In reality, the overwhelming majority of citations are neutral and so the benefit is marginal – again, it could well be worth it to help accelerate discovery.

As with Elicit, the value is far higher when exploring a new research area to speed up a researcher’s engagement with the literature. Identifying contrasting citations in particular can be extremely helpful to accelerate critical engagement with past studies or authors. Also, as always this is a useful starting point for a researcher to delve deeper into any other paper to engage with it directly. Even imagining a future with AI brain implants, it’s difficult to imagine how any human can actually engage with academic concepts and research effectively without cognitive effort. But a tool like Elicit can certainly help speed up identification of useful avenues to direct that intensive cognitive effort.

Scite does not offer a free version but it does offer a free trial for 7 days, after which it’s £14.13 per month (as of 2024).

While these tools are great as a starting point especially for a new topic, they cannot be more than a starting point. They simply do not have access to the entire corpus of academic work, and the search results are only as good as the synonyms the LLMs can come up with. Moreover the value added features like summarising or extracting key information from papers is always at risk of inaccuracy so again the tools can be thought of as a starting point. When using Elicit for instance, creating a table of the initial search results focusing on summarising abstract, methodology and limitations can be extremely helpful to help you identify which papers are more likely to be worth investigating further. But this is pure productivity enhancing assistance and cannot ever hope to substitute actually engaging with the texts. In time this may improve and we’re already seeing models like Gemini 1.5 capable of accurate – if simple – recall from up to 1 million tokens of text, but the sheer scale of text required means it would have to be a truly groundbreaking advancement before it can be anything more than a helpful starting point for a literature review.

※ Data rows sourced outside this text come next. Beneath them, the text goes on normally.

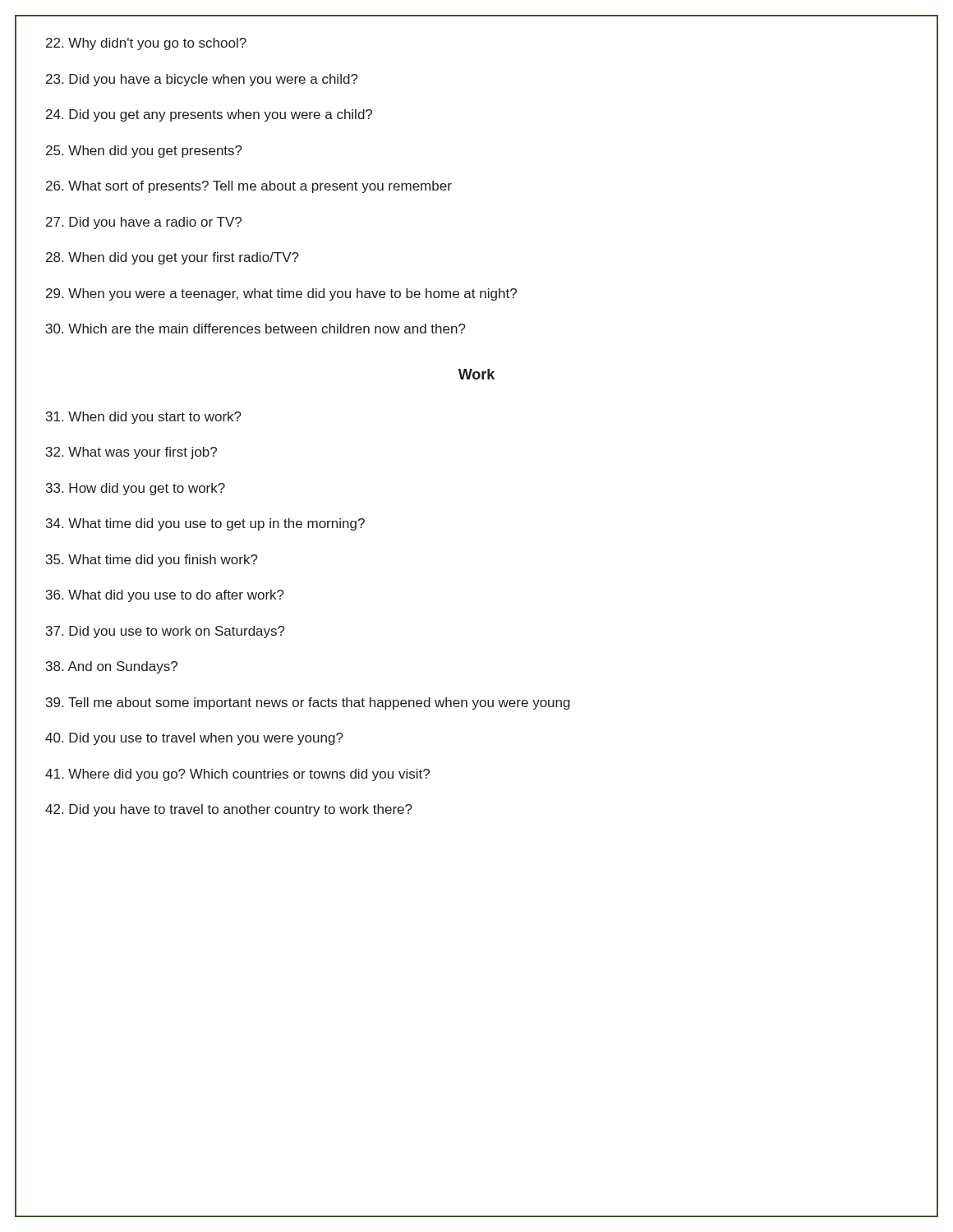
Task: Locate the list item that reads "41. Where did you go?"
Action: [238, 774]
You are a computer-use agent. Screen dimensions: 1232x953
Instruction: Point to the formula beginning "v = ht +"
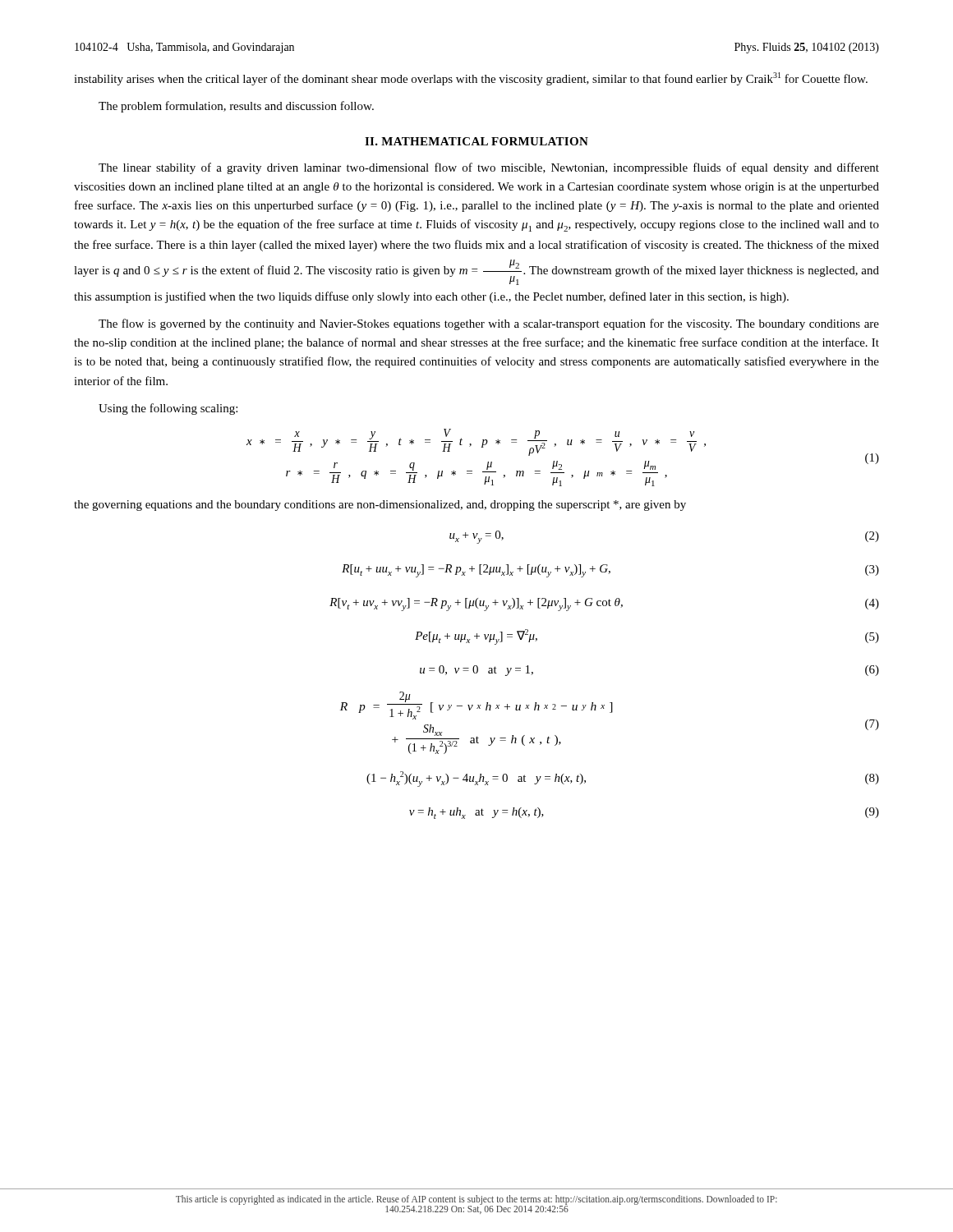pos(476,812)
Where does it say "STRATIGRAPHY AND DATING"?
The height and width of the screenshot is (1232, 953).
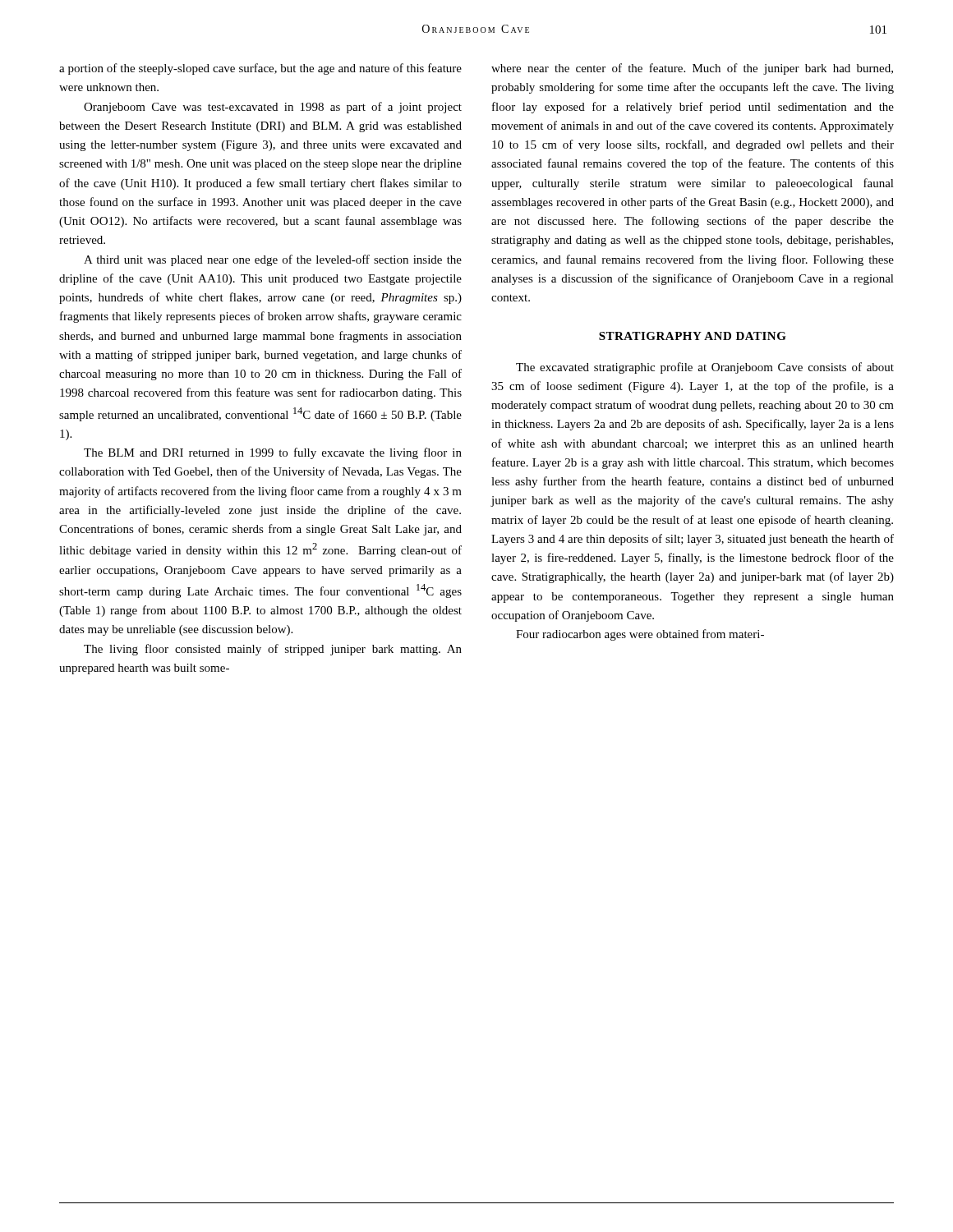(693, 336)
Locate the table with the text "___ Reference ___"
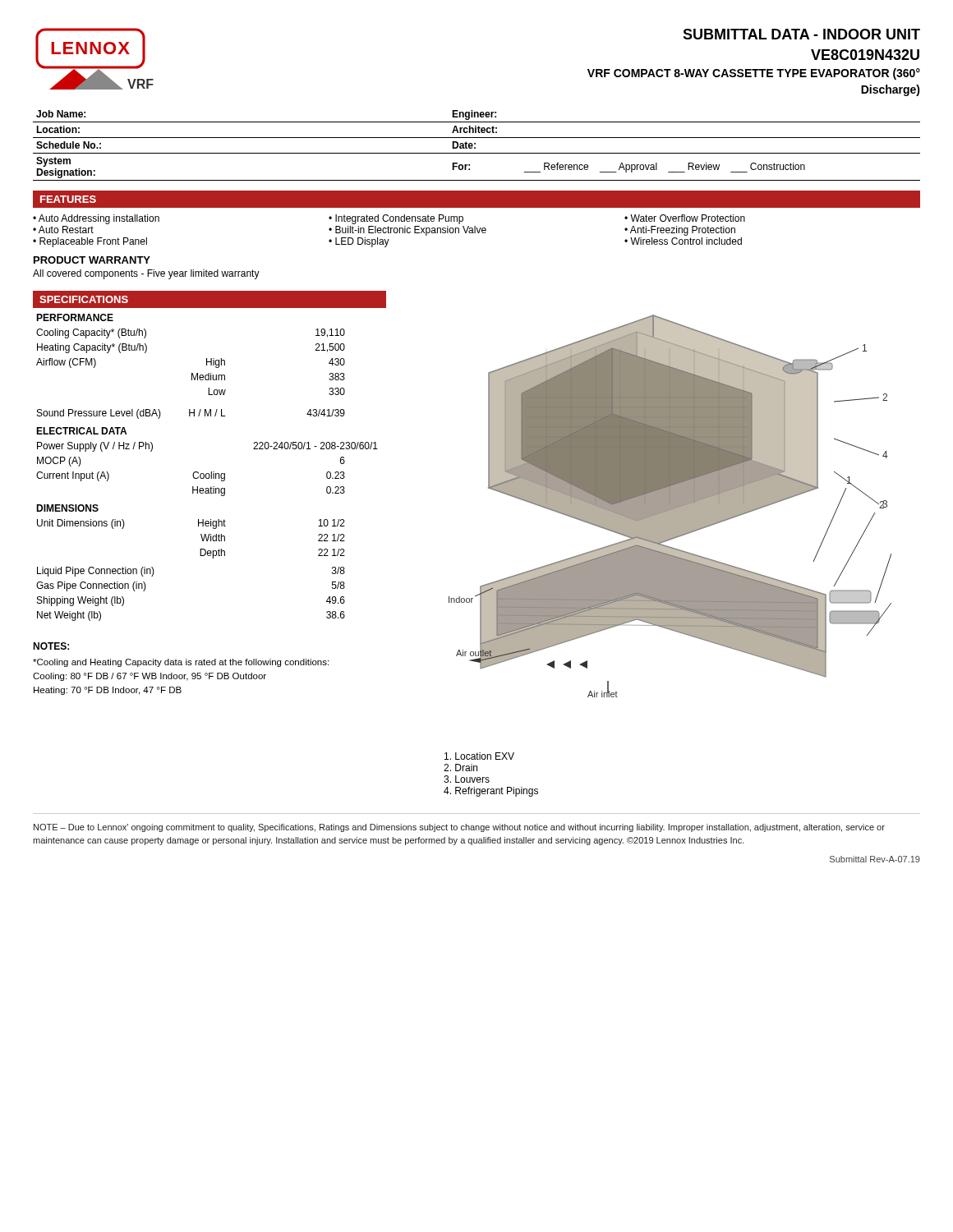The image size is (953, 1232). [x=476, y=143]
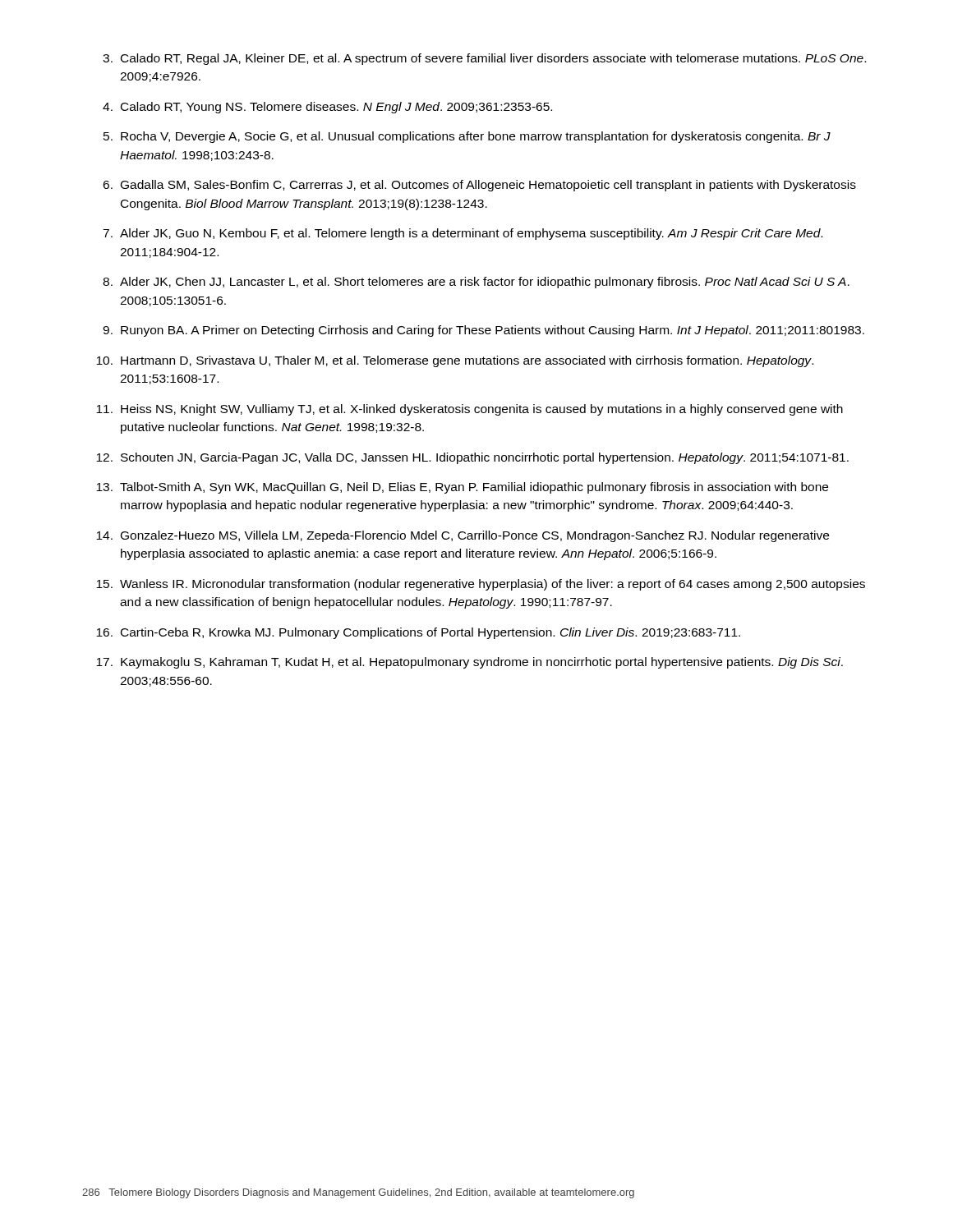Select the list item with the text "14. Gonzalez-Huezo MS, Villela LM, Zepeda-Florencio Mdel"
Viewport: 953px width, 1232px height.
tap(476, 545)
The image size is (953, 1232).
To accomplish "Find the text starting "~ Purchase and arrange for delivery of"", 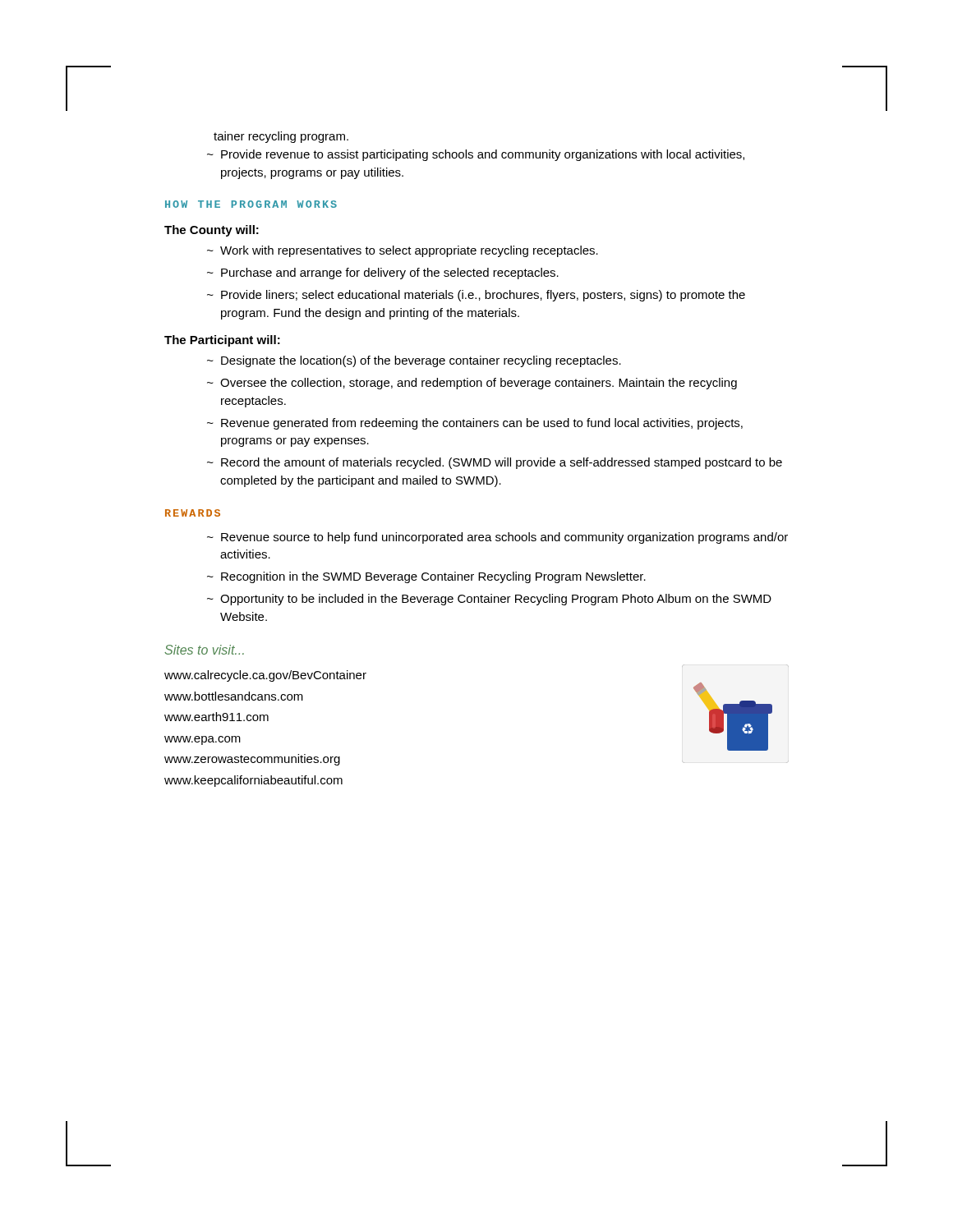I will click(x=489, y=273).
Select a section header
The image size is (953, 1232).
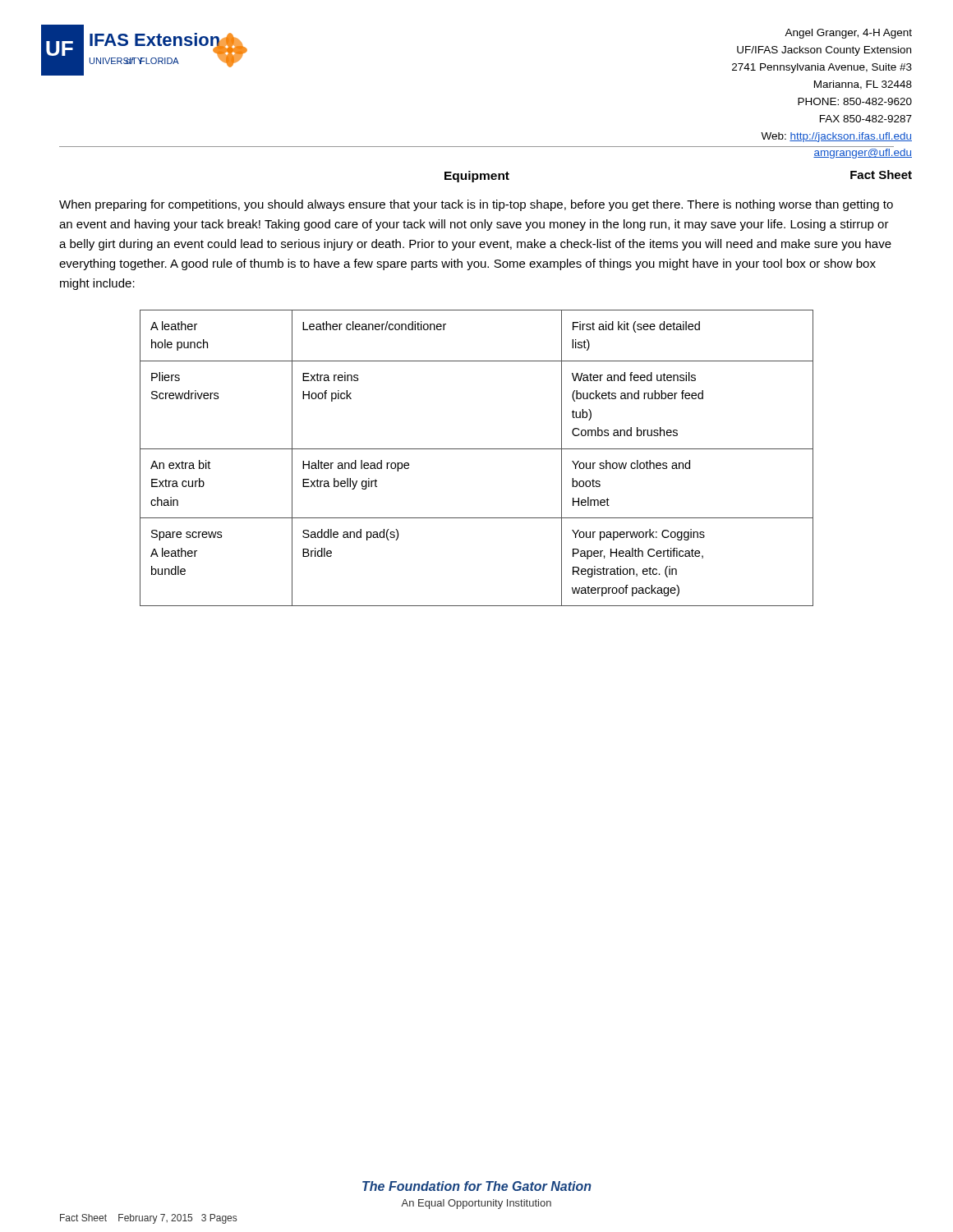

The more explicit and targeted your prompts when ‘interrogating’ any specific academic text, the better. And this can be done just as well if not better with a dedicated tool like Chat GPT Plus / Team than the commercial literature review applications. Simply asking, “Please summarise the attached paper” will inevitably result in some data loss which may or may not be critical depending on what you’re after. “Please summarise the methodology in the attached paper” (reminder to check publisher policies about whether publications are permitted to be shared with a GAI application) is much more helpful because the scale of text needed to process is much smaller, and that also gives you more tokens to play with for follow up dialogue. The guidance on Prompting includes an example template with 4 stages of reflection and quality improvement for a highly specific task on a given research paper: extracting practical research project ideas based on the paper's content.

A useful way to experiment is by using GPT4 to interrogate with one of your own papers. This is an output you personally spent a lot of time on and you know it inside out, so you can easily verify how good its summaries or extractions are. This can then help you create prompt templates for other papers.